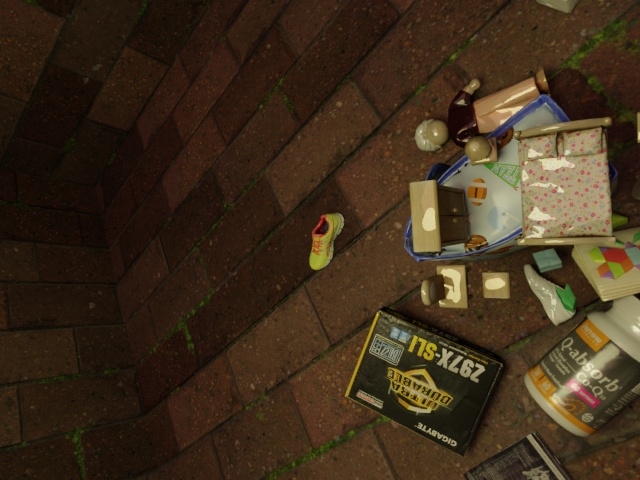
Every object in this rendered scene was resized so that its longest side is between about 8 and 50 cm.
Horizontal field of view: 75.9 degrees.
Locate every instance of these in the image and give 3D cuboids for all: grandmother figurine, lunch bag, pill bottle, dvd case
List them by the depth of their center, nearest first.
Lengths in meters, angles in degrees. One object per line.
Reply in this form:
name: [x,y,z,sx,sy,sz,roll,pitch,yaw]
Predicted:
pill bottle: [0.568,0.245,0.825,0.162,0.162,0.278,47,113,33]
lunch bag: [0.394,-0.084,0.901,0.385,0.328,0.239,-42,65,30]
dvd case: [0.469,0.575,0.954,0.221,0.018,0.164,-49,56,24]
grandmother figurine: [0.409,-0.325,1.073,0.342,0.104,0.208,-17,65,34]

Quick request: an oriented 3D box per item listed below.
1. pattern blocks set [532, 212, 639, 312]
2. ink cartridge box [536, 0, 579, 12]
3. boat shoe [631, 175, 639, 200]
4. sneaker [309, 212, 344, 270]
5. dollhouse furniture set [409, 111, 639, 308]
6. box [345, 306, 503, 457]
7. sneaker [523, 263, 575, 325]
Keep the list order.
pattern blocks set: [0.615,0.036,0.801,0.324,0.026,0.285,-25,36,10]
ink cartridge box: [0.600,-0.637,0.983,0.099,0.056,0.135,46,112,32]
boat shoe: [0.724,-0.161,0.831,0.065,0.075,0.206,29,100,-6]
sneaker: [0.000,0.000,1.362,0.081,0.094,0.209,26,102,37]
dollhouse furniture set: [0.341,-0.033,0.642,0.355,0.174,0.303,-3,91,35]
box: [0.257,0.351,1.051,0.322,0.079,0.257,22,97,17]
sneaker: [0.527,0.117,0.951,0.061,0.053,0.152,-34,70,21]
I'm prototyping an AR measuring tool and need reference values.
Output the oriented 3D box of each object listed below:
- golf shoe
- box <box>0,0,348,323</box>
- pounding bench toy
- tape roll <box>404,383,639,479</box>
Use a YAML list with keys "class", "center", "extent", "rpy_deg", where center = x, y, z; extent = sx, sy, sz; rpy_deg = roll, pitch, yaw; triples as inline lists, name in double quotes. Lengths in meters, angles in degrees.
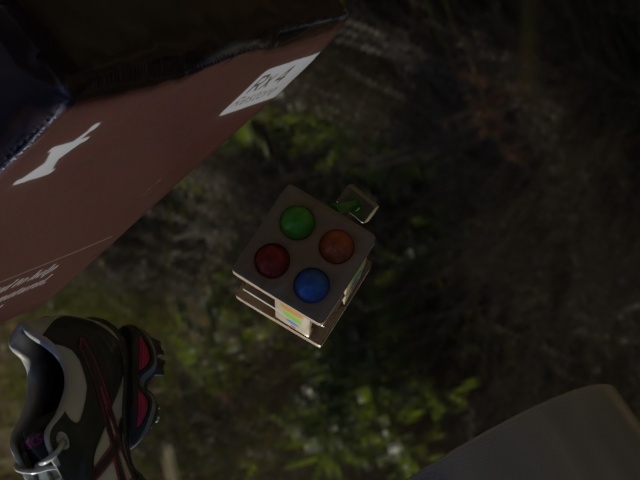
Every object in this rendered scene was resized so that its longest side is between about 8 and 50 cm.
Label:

..............................

WORK TO BE COMPLETED. Through the line containing "Horizontal field of view: 75.9 degrees." and no further, restate the data above word for word from its first line, leaving out pictures.

WRITTEN ANSWER.
Every object in this rendered scene was resized so that its longest side is between about 8 and 50 cm.
Horizontal field of view: 75.9 degrees.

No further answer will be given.